The Duel

Would You Rather: Chris Davis or Yu Darvish's MLB Contract

Max Staley
Pittsburgh Pirates  v Chicago Cubs
Pittsburgh Pirates v Chicago Cubs / Stacy Revere

Cover Photo: Getty Images

Major League Baseball may not have a traditional salary cap like the NFL or NBA, but a bad contract can still really hurt an organization, especially for a small-market team.

Arguably, two of the worst contracts in the MLB belong to Baltimore Orioles' first baseman Chris Davis and Chicago Cubs' starting pitcher Yu Darvish. While neither Baltimore or Chicago can be defined as small-market teams, these contracts are surely still tough to swallow.

As both teams would likely want a mulligan on these deals, let's make the argument as to which is actually worse.

Yu Darvish Contract: Six Years, $126 Million

Darvish has gotten off to a nightmare start to the 2019 MLB season, surrendering 10 earned runs through 12 innings, giving him 7.50 ERA through three starts. He was similarly ineffective last season, posting 4.95 ERA in eight starts with the Cubs. Darvish also has been at his worst in big moments, as he tallied a 21.60 ERA with the Los Angeles Dodgers in the 2017 postseason. For a player who's owed $101 million through 2023, that just isn't going to cut it.

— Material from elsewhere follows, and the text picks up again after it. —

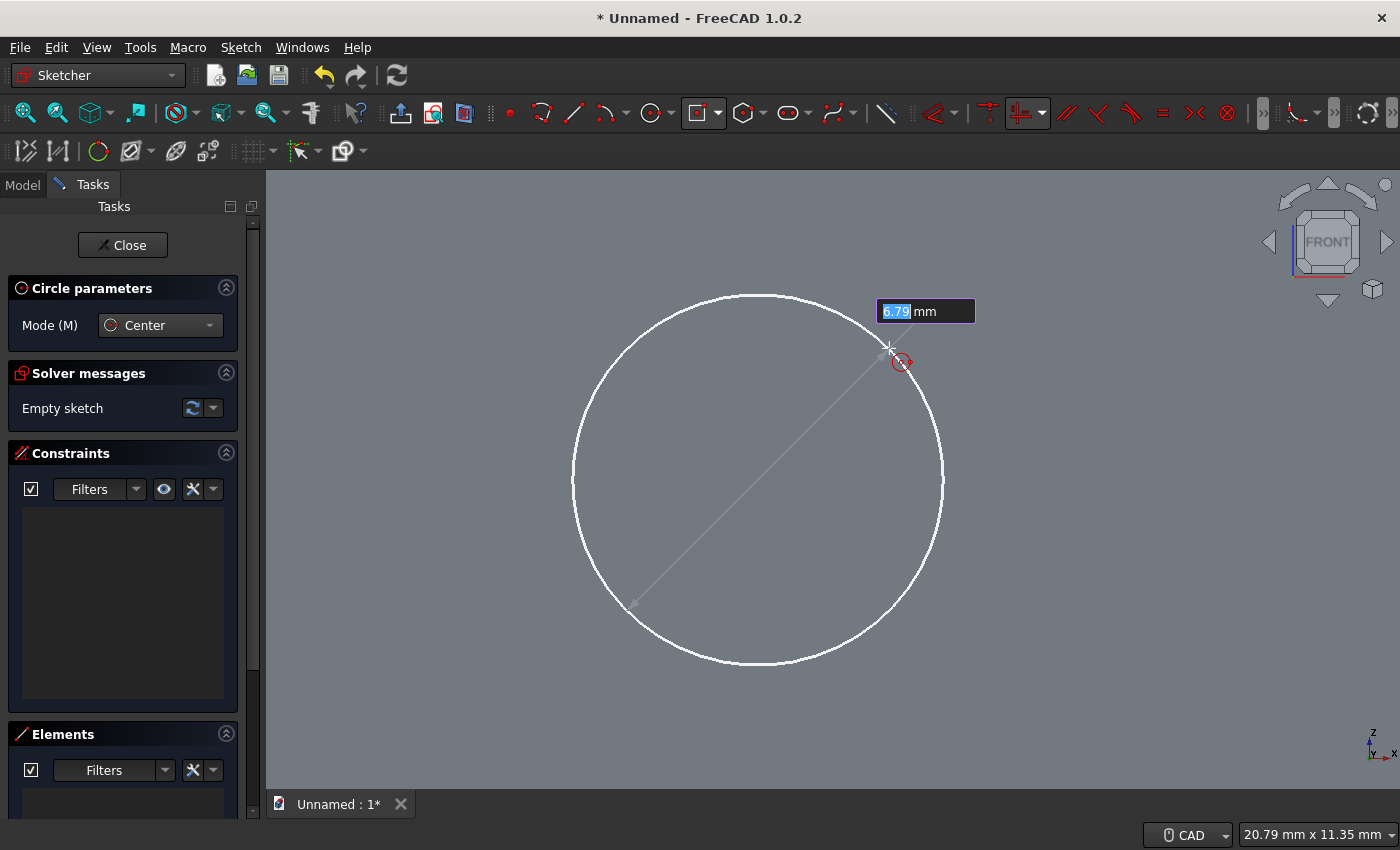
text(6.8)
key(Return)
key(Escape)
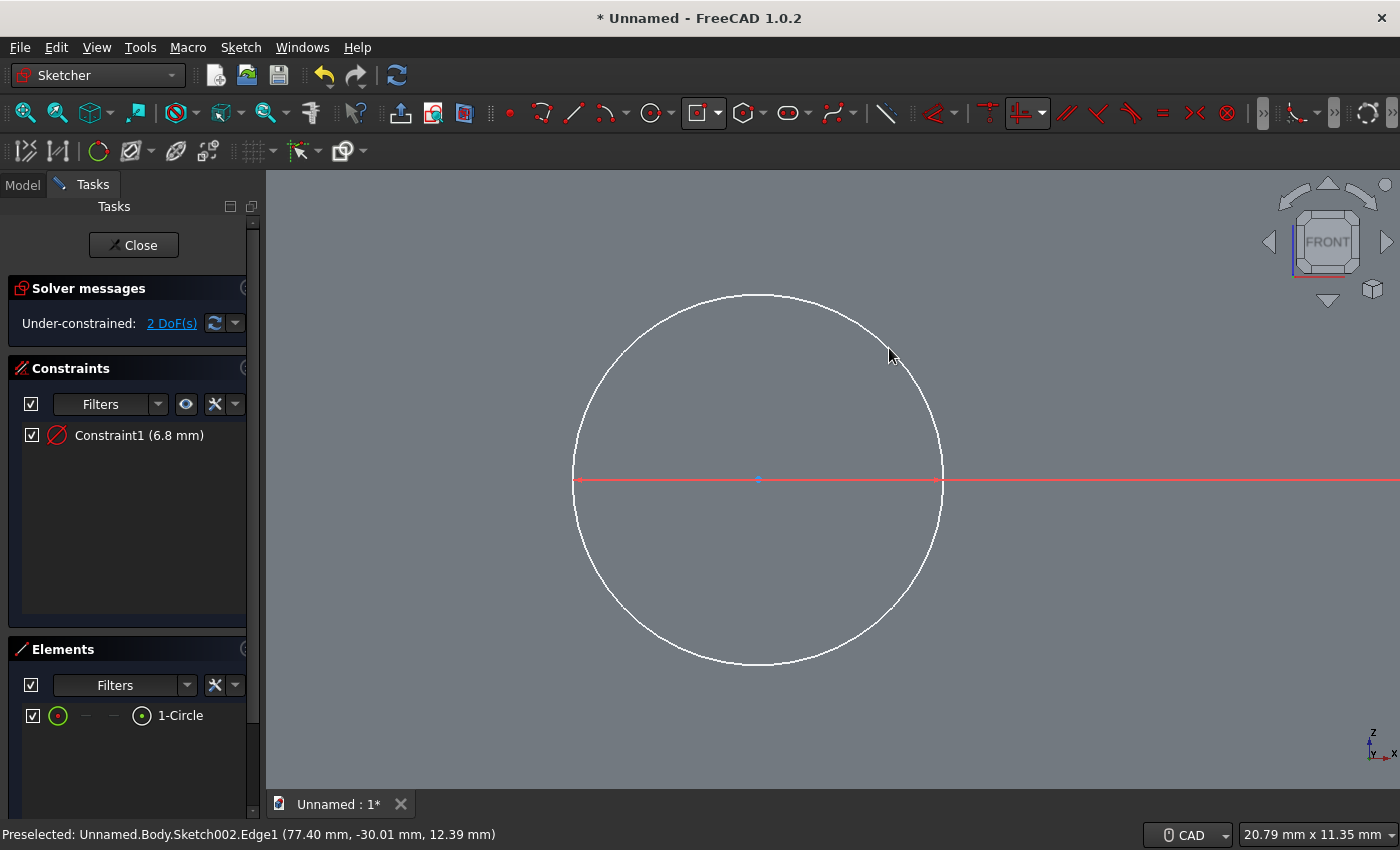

Chris Davis Contract: Seven Years, $161 Million

Meanwhile, Davis has arguably been even worse. He hasn't recorded a hit in his last 50 at-bats, which is the longest hitless streak in MLB history. Even before this infamous streak, Davis was struggling to live up to his massive contract. He hasn't hit above .222 in a single season since 2015, and he's actually hit below .200 in two of the last five seasons. Davis still has $92 million remaining on his contract through 2022, so the Orioles are likely going to be stuck with his lack of production for quite a while.

These are without a doubt two of the worst contracts in baseball. And since all MLB contracts are fully guaranteed, it's going to be tough for the Orioles or Cubs to build a contender with these albatross contracts on the books.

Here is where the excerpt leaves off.